The Shifting Sand of Brexit: movements of the past 7 days

The Shifting Sand of Brexit: movements of the past 7 days

So, the only thing ‘dead in a ditch’ today is the PMs October 31 Brexit deadline. Halloween might be the celebration of the dead, Brexit, however, is the Teflon-coated beast that never dies; least of all on Halloween.

 

So around we go again in the Brexit merry-go-round as the UK heads for it’s for fourth ‘vote’ in 3.5 years having seen a referendum and three general elections in that time (including the one now due on December 12).

 

Below is the latest average of all polls in the UK from the FT. It is understandable why Boris Johnson believes a general election is his best option to finally put Brexit to rest as a new Parliament with a possible majority would get everything ‘done’ as he wants it. 

Source: FT

 

However, if there is one thing that is certain in Brexit – nothing is ‘done’ until it is dead and buried.

 

Brexit: Where we are this week

 

  • EU agrees to extend Brexit to January 31 - this highlights perfectly its ‘neutrality.’ Paris was muscling for a shorter date extension, but it’s clear the EU wants to come out of the whole Brexit fiasco as ‘neutral’ as neutral gets so it can hang the Brexit millstone on Westminster.
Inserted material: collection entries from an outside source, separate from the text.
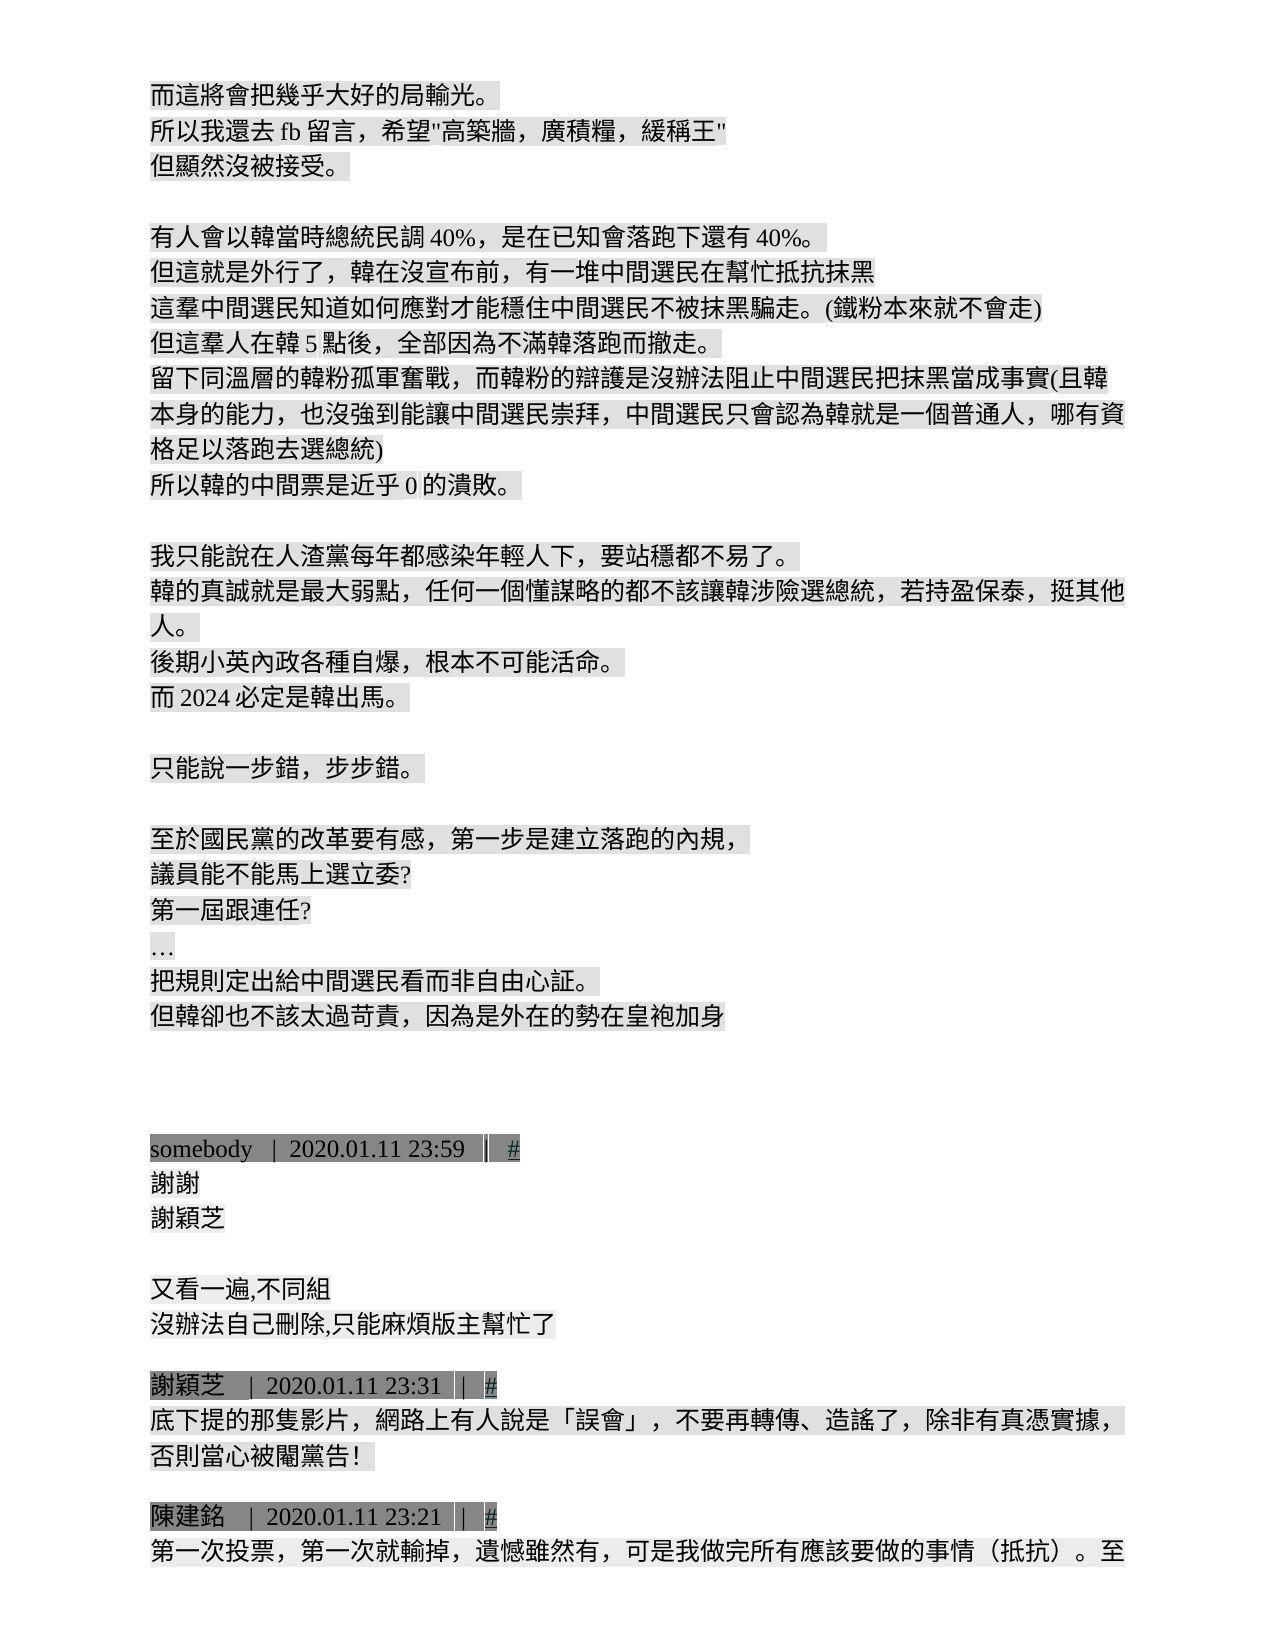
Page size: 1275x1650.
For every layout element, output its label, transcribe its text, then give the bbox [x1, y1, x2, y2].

text 底下提的那隻影片，網路上有人說是「誤會」，不要再轉傳、造謠了，除非有真憑實據，否則當心被閹黨告！ [150, 1400, 1125, 1471]
text 謝穎芝 | 2020.01.11 23:31 | # [150, 1364, 1125, 1400]
text 而這將會把幾乎大好的局輸光。 所以我還去fb留言，希望"高築牆，廣積糧，緩稱王" 但顯然沒被接受。 有人會以韓當時總統民調40%，是在已知會落跑下還有40%。 但這就是外行了，韓在沒宣布前，有一堆中間選民在幫忙抵抗抹黑 這羣中間選民知道如何應對才能穩住中間選民不被抹黑騙走。(鐵粉本來就不會走) 但這羣人在韓5點後，全部因為不滿韓落跑而撤走。 留下同溫層的韓粉孤軍奮戰，而韓粉的辯護是沒辦法阻止中間選民把抹黑當成事實(且韓本身的能力，也沒強到能讓中間選民崇拜，中間選民只會認為韓就是一個普通人，哪有資格足以落跑去選總統) 所以韓的中間票是近乎0的潰敗。 我只能說在人渣黨每年都感染年輕人下，要站穩都不易了。 韓的真誠就是最大弱點，任何一個懂謀略的都不該讓韓涉險選總統，若持盈保泰，挺其他人。 後期小英內政各種自爆，根本不可能活命。 而2024必定是韓出馬。 只能說一步錯，步步錯。 至於國民黨的改革要有感，第一步是建立落跑的內規， 議員能不能馬上選立委? 第一屆跟連任? … 把規則定出給中間選民看而非自由心証。 但韓卻也不該太過苛責，因為是外在的勢在皇袍加身 [150, 75, 1125, 1102]
text 謝謝 謝穎芝 又看一遍,不同組 沒辦法自己刪除,只能麻煩版主幫忙了 [150, 1162, 1125, 1339]
text somebody | 2020.01.11 23:59 | # [150, 1127, 1125, 1162]
text 陳建銘 | 2020.01.11 23:21 | # [150, 1496, 1125, 1531]
text 第一次投票，第一次就輸掉，遺憾雖然有，可是我做完所有應該要做的事情（抵抗）。至 [150, 1531, 1125, 1567]
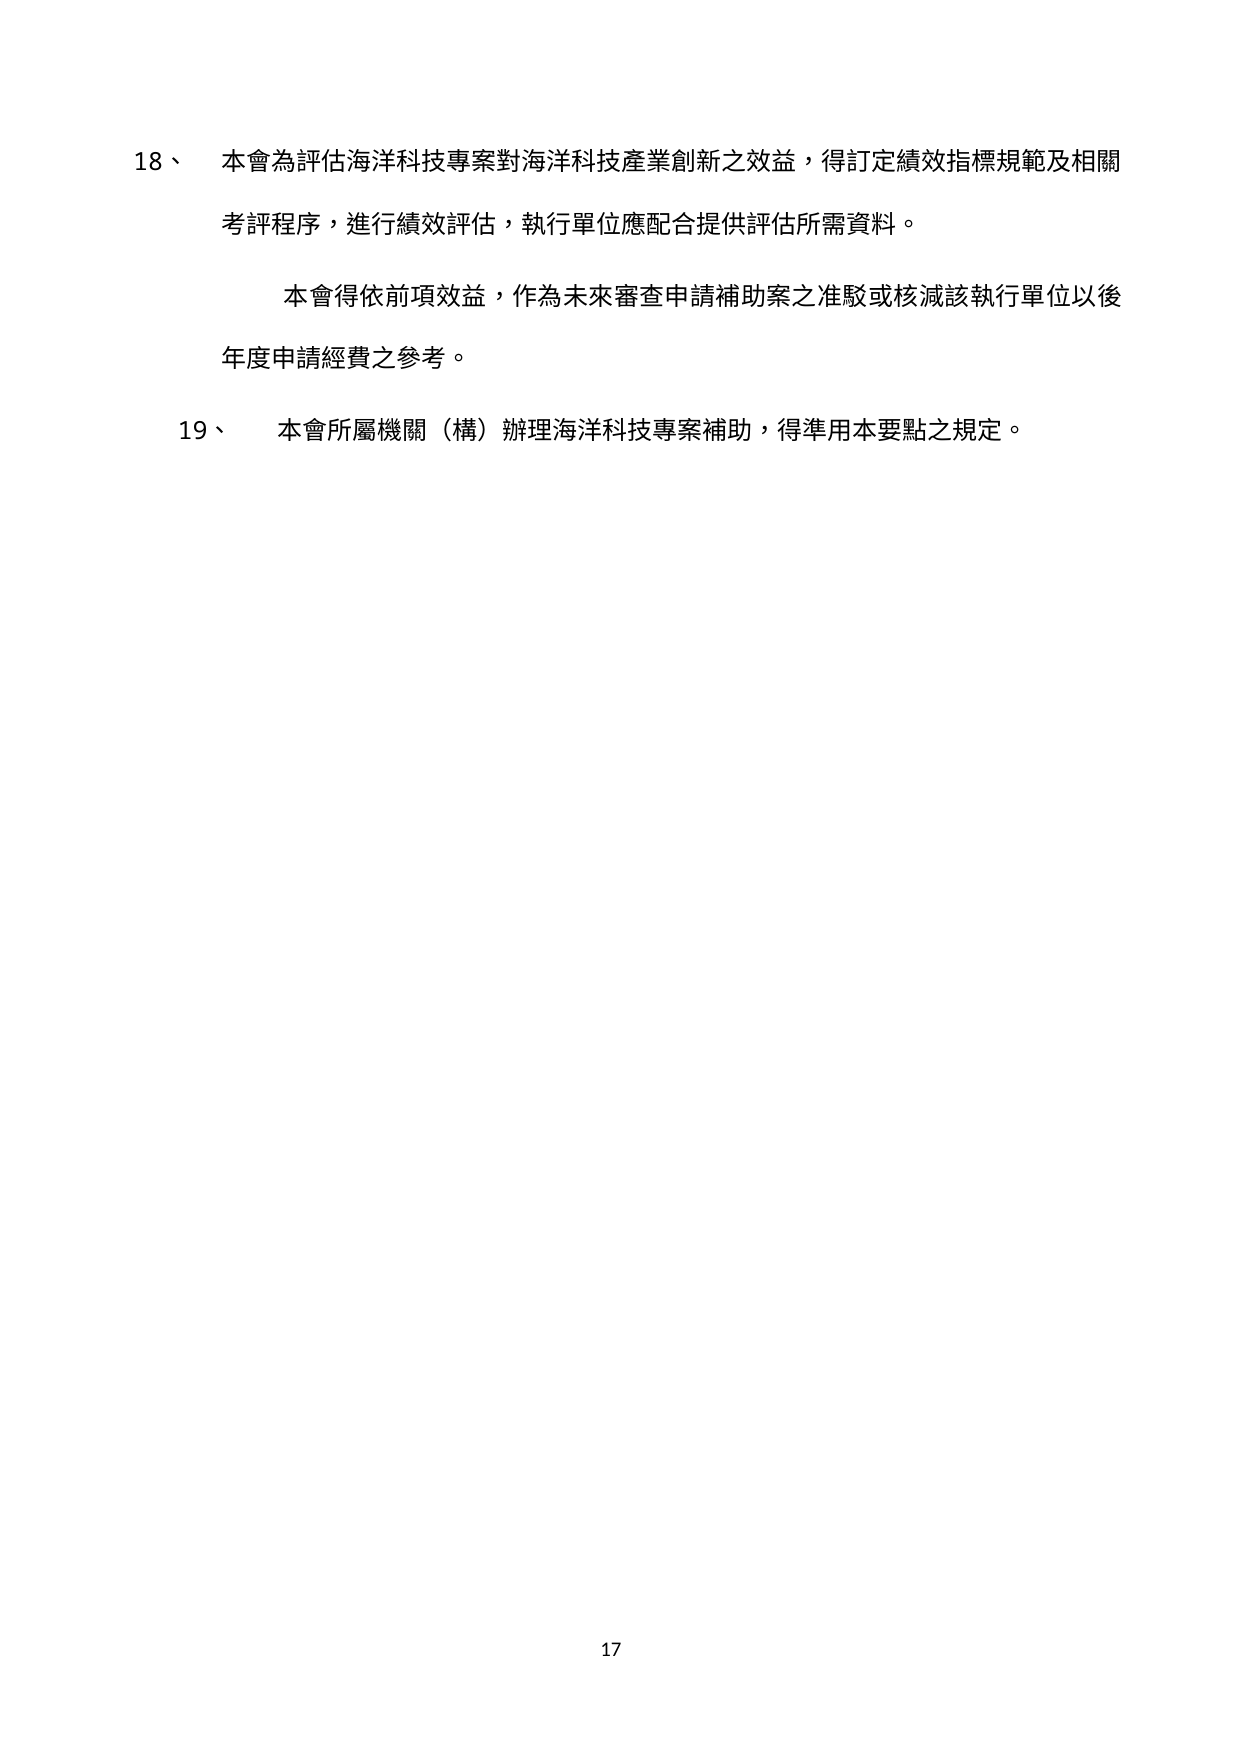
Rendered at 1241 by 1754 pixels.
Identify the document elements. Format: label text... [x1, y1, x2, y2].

list 本會所屬機關（構）辦理海洋科技專案補助，得準用本要點之規定。 [177, 387, 1122, 449]
text 本會得依前項效益，作為未來審查申請補助案之准駁或核減該執行單位以後年度申請經費之參考。 [59, 252, 1122, 377]
list 本會為評估海洋科技專案對海洋科技產業創新之效益，得訂定績效指標規範及相關考評程序，進行績效評估，執行單位應配合提供評估所需資料。 [133, 118, 1122, 243]

However, a further delay request past January 31 appears unlikely, after Donald Tusk warned that the UK would be unlikely to get any further delays from the EU. This has been said before, and it would be an interesting scenario if a Labour-led rainbow coalition was to form that may want to explore remaining in the EU. Whatever the outcome from the elections, the outgoing president of the European Council is urging the UK not to waste this final offering.

 

  • For the first time in months, Johnson won a vote in the House as Jeremy Corbyn finally changed his mind and allowed the Labour party to pass the general election bill.

 

The vote was not without its slight ‘off-centre’ shenanigans as several ‘amendments’ were put forward; one was for lowering the voting age to encompass 16 and 17-year-olds. Another had an amendment that wanted the election include all EU nationals. Neither had a chance of getting up, however, the risk was enough to see No 10 threaten to pull the bill altogether if the amendments passed. Highlights how ‘moody’ this scenario is.

 

With the UK off to the polls on 12 December, this will be the first pre-Christmas vote since 1923. How polls suggest the final makeup of House will be formed will be the biggest driver of the GBP over the coming 6 weeks – Big currency drive and one to have a very big eye on.

 

  • The olive branch was also handed out to 10 of the 21 Tory MPs who were thrown out last month. The party stressed that the fact the other 11 had not been restored did not mean they would not in the coming days or weeks. This is a clear step towards soring-up its base and its position on the floor.

 

What is clear from the ‘policy’ being laid out in the 24 hours since the bill passed, is the rhetoric of the election campaign will be one of the nastiest and bitter campaigns in living memory.